Prices and rents of Hong Kong’s tiny flats to fall this year as coronavirus-driven uncertainty hits demand amid oversupply
- Rental yield for flats measuring less than 215 sq ft could fall below 1 per cent
- Rents are likely to fall because of rising unemployment, despite low interest rates and increased money supply, JLL says
The prices and rents of Hong Kong’s tiny flats – those measuring less than 215 sq ft – are expected to fall this year as the coronavirus pandemic continues to weigh on the city’s property sector, affecting demand amid a surfeit of supply, analysts said.
Last year, 982 such flats were completed in the city, according to data from the Transport and Housing Bureau. That shows a 72 per cent increase from the 571 flats completed in 2018 and a more than tenfold increase over 2015, when only 79 were made.
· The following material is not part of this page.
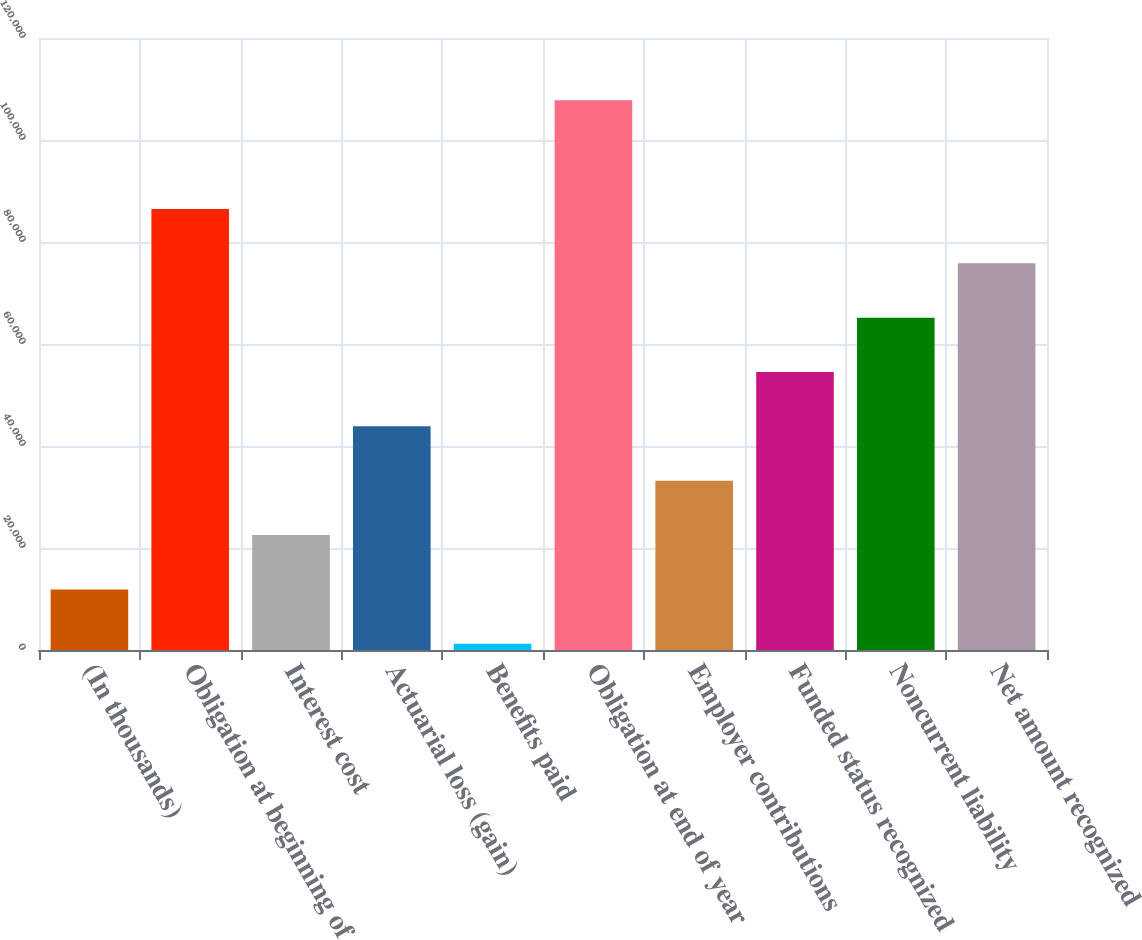<chart> <loc_0><loc_0><loc_500><loc_500><bar_chart><fcel>(In thousands)<fcel>Obligation at beginning of<fcel>Interest cost<fcel>Actuarial loss (gain)<fcel>Benefits paid<fcel>Obligation at end of year<fcel>Employer contributions<fcel>Funded status recognized<fcel>Noncurrent liability<fcel>Net amount recognized<nl><fcel>11872.8<fcel>86484.4<fcel>22531.6<fcel>43849.2<fcel>1214<fcel>107802<fcel>33190.4<fcel>54508<fcel>65166.8<fcel>75825.6<nl></chart>

Meanwhile, average rent for units smaller than 40 square metres (about 430.6 sq ft) fell by 13.5 per cent to HK$461 (US$59.5) per square metre a month in February from a peak in August last year, according to the Rating and Valuation Department. Home prices in the segment fell 5 per cent over the same period.
And the rental yield for such flats – just 2.6 per cent in February, according to Rating and Valuation Department data – could fall below 1 per cent, as first-time homebuyers struggle to cover interest on their investments, said Vincent Cheung, managing director of Vincorn Consulting and Appraisal.